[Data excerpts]
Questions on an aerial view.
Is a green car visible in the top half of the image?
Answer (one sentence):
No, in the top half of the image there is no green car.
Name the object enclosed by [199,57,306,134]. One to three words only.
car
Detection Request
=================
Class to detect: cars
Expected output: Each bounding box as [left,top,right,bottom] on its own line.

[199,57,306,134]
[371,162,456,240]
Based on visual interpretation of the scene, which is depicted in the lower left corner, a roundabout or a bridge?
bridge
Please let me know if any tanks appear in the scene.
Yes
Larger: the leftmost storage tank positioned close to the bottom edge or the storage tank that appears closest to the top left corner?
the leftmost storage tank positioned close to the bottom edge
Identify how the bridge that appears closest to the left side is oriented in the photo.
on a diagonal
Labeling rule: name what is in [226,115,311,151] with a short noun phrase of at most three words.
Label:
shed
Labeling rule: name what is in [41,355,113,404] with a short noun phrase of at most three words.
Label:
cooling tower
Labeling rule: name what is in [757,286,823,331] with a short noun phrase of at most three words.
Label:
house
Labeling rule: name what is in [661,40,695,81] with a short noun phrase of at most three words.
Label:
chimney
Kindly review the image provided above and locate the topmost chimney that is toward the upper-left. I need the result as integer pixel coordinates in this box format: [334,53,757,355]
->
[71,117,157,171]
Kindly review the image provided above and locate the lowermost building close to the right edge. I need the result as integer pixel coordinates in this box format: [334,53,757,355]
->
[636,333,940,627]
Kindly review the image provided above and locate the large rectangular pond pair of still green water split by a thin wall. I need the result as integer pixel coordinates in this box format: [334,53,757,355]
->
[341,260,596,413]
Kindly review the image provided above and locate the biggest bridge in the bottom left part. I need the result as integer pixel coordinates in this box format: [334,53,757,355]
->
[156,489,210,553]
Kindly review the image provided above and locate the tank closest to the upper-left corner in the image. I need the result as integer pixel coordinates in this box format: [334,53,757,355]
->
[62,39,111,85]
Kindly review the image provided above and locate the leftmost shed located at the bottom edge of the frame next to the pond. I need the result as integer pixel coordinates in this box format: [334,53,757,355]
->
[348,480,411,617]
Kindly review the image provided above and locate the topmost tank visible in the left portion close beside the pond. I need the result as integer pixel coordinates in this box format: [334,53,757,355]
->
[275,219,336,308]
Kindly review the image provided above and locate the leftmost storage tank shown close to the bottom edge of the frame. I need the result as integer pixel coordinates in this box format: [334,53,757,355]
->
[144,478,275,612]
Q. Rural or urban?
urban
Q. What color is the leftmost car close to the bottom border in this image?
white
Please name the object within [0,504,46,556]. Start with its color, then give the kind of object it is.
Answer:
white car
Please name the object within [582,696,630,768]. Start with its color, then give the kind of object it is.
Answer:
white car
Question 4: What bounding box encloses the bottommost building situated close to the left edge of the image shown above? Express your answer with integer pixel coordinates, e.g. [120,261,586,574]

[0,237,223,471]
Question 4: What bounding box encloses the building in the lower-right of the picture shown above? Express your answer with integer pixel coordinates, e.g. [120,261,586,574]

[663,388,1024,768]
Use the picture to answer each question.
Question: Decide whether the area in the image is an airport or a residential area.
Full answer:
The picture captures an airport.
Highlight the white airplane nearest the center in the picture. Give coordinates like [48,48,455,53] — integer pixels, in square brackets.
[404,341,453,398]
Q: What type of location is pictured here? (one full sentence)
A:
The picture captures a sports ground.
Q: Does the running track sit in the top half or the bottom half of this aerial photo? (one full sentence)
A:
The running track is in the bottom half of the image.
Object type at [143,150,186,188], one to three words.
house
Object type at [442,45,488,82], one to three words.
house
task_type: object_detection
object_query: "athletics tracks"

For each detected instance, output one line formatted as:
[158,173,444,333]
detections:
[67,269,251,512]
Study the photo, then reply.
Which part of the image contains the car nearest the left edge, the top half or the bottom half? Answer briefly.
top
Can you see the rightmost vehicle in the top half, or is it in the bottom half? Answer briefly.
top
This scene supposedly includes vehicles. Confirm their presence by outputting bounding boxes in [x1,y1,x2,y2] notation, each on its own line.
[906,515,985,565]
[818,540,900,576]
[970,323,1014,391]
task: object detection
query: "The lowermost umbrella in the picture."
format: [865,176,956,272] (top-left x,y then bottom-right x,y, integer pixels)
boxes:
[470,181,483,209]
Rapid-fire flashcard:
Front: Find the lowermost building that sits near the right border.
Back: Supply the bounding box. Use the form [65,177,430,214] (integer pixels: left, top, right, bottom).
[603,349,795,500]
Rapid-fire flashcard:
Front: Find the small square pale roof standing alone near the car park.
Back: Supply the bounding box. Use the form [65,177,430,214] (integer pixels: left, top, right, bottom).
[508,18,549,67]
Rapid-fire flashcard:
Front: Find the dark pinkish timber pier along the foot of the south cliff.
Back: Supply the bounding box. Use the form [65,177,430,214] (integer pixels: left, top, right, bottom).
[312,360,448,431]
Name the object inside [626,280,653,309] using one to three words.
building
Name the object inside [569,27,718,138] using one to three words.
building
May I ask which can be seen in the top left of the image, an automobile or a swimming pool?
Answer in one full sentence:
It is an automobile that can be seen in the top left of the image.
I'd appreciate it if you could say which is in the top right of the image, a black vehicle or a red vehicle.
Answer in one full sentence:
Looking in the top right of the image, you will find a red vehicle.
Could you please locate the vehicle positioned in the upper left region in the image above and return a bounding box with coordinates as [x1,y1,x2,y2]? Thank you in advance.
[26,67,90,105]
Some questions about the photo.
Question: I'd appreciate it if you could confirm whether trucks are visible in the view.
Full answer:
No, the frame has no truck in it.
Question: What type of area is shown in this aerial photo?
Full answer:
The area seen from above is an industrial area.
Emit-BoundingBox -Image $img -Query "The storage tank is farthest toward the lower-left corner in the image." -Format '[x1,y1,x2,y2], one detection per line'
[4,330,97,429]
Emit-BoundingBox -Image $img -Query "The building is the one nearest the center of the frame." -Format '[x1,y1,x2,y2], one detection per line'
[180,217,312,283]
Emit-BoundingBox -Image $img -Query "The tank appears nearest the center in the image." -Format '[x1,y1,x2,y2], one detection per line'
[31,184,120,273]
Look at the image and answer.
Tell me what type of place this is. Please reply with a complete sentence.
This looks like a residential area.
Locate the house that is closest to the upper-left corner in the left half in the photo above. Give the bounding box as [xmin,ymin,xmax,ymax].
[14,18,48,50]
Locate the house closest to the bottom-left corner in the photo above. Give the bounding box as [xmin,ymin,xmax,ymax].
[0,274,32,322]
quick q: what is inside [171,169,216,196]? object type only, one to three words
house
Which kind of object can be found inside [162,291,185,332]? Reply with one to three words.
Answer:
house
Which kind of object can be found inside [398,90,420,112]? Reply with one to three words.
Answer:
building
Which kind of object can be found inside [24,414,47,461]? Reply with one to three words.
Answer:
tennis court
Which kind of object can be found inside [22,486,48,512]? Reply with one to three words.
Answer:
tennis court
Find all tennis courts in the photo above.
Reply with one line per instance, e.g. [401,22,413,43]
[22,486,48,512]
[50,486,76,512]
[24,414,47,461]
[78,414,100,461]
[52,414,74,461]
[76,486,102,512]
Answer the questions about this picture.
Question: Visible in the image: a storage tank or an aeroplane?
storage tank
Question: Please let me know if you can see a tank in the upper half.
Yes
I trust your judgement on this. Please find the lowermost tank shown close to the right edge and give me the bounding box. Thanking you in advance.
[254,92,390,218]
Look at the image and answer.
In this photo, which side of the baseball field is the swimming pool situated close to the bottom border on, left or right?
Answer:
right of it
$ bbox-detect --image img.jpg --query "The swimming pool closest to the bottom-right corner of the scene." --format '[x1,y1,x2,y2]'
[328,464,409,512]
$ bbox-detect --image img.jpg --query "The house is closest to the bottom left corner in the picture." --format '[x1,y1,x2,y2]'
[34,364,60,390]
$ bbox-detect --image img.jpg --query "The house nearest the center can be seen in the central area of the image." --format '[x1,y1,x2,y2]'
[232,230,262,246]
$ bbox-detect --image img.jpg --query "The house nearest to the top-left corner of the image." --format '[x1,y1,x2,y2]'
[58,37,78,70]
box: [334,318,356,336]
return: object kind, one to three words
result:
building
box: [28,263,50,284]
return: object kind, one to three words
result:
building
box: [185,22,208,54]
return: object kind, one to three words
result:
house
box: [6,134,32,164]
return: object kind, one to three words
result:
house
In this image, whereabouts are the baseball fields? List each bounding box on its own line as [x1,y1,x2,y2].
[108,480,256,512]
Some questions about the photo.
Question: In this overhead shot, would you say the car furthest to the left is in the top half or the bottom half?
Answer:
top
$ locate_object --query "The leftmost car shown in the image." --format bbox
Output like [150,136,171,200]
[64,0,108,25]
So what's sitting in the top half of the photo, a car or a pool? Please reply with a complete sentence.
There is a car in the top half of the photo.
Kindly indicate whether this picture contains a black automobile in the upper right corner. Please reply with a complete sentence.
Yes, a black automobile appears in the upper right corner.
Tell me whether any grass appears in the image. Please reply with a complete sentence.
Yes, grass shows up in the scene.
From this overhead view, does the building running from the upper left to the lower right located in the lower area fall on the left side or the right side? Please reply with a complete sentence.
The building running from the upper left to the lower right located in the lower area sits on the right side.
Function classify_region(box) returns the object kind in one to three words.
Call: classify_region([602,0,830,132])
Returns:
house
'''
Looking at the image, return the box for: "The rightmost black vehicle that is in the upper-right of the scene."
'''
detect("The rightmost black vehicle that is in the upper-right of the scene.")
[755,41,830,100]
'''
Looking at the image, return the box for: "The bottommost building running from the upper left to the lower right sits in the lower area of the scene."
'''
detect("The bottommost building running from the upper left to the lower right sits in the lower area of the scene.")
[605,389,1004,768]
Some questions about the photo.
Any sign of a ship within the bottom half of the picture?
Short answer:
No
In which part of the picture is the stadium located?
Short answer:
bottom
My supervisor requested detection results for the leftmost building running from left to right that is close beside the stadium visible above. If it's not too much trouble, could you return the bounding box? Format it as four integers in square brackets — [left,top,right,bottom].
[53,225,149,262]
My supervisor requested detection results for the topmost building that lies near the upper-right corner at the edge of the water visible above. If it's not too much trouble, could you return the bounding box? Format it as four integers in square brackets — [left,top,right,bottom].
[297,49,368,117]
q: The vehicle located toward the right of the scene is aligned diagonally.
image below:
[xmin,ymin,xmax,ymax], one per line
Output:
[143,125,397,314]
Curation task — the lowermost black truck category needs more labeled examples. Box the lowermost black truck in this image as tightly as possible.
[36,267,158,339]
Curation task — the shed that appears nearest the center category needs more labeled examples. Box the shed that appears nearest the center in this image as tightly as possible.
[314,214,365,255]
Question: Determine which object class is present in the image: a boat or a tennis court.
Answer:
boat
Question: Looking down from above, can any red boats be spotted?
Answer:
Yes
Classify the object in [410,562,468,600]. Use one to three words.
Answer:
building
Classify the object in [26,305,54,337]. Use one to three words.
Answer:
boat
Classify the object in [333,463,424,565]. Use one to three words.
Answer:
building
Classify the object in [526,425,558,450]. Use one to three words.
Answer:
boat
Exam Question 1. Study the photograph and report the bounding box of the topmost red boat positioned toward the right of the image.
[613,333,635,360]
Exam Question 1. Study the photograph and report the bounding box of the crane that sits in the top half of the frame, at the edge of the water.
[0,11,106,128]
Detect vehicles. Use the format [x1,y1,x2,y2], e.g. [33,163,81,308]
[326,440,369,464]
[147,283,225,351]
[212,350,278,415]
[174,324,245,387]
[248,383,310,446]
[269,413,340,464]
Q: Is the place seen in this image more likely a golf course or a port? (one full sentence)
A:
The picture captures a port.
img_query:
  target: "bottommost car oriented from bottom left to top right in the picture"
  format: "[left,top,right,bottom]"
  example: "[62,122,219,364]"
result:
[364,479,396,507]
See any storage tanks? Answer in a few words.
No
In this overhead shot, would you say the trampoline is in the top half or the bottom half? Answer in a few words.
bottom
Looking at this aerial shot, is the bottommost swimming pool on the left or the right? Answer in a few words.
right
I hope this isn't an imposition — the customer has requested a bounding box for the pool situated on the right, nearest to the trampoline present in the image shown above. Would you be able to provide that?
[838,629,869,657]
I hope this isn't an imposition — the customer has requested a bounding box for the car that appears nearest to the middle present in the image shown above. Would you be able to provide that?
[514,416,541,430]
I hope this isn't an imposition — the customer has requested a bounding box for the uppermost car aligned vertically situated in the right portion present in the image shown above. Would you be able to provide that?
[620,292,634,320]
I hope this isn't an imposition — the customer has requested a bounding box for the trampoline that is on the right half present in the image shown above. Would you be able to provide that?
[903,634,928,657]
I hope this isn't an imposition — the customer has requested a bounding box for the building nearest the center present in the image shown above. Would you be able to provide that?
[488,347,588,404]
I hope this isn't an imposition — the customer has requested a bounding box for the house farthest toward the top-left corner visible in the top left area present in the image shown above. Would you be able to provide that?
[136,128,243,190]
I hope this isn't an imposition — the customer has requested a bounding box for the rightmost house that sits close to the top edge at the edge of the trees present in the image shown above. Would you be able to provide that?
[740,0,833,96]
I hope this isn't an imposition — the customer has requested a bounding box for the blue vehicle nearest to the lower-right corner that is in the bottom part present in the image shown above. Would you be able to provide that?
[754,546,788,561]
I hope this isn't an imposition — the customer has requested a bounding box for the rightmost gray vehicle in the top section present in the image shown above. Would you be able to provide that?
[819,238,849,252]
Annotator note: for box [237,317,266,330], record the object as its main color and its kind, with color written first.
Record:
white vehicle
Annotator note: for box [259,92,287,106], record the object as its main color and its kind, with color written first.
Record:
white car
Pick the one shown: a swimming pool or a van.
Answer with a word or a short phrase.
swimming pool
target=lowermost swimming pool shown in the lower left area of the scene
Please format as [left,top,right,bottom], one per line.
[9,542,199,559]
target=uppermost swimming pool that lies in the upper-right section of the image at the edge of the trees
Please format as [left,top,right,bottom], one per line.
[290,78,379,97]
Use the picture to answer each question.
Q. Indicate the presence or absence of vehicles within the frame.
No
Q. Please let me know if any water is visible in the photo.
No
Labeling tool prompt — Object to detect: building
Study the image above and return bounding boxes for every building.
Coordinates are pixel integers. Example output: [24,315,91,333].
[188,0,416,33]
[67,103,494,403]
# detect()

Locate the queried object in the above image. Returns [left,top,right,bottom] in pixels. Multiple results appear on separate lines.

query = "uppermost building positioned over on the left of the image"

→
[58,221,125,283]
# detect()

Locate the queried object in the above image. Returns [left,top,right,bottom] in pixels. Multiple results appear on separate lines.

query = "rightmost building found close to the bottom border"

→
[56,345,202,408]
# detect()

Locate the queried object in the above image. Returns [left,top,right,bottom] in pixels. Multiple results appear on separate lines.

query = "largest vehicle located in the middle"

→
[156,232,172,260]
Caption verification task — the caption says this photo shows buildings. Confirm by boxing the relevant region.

### [TASK OBJECTIVE]
Please copy each line of the records above that holds the word "note".

### [WRITTEN ANSWER]
Annotator note: for box [237,317,266,330], record the object as its main color and its kind, with color written first.
Annotator note: for box [259,92,287,106], record the object as its main color and its kind, with color written first.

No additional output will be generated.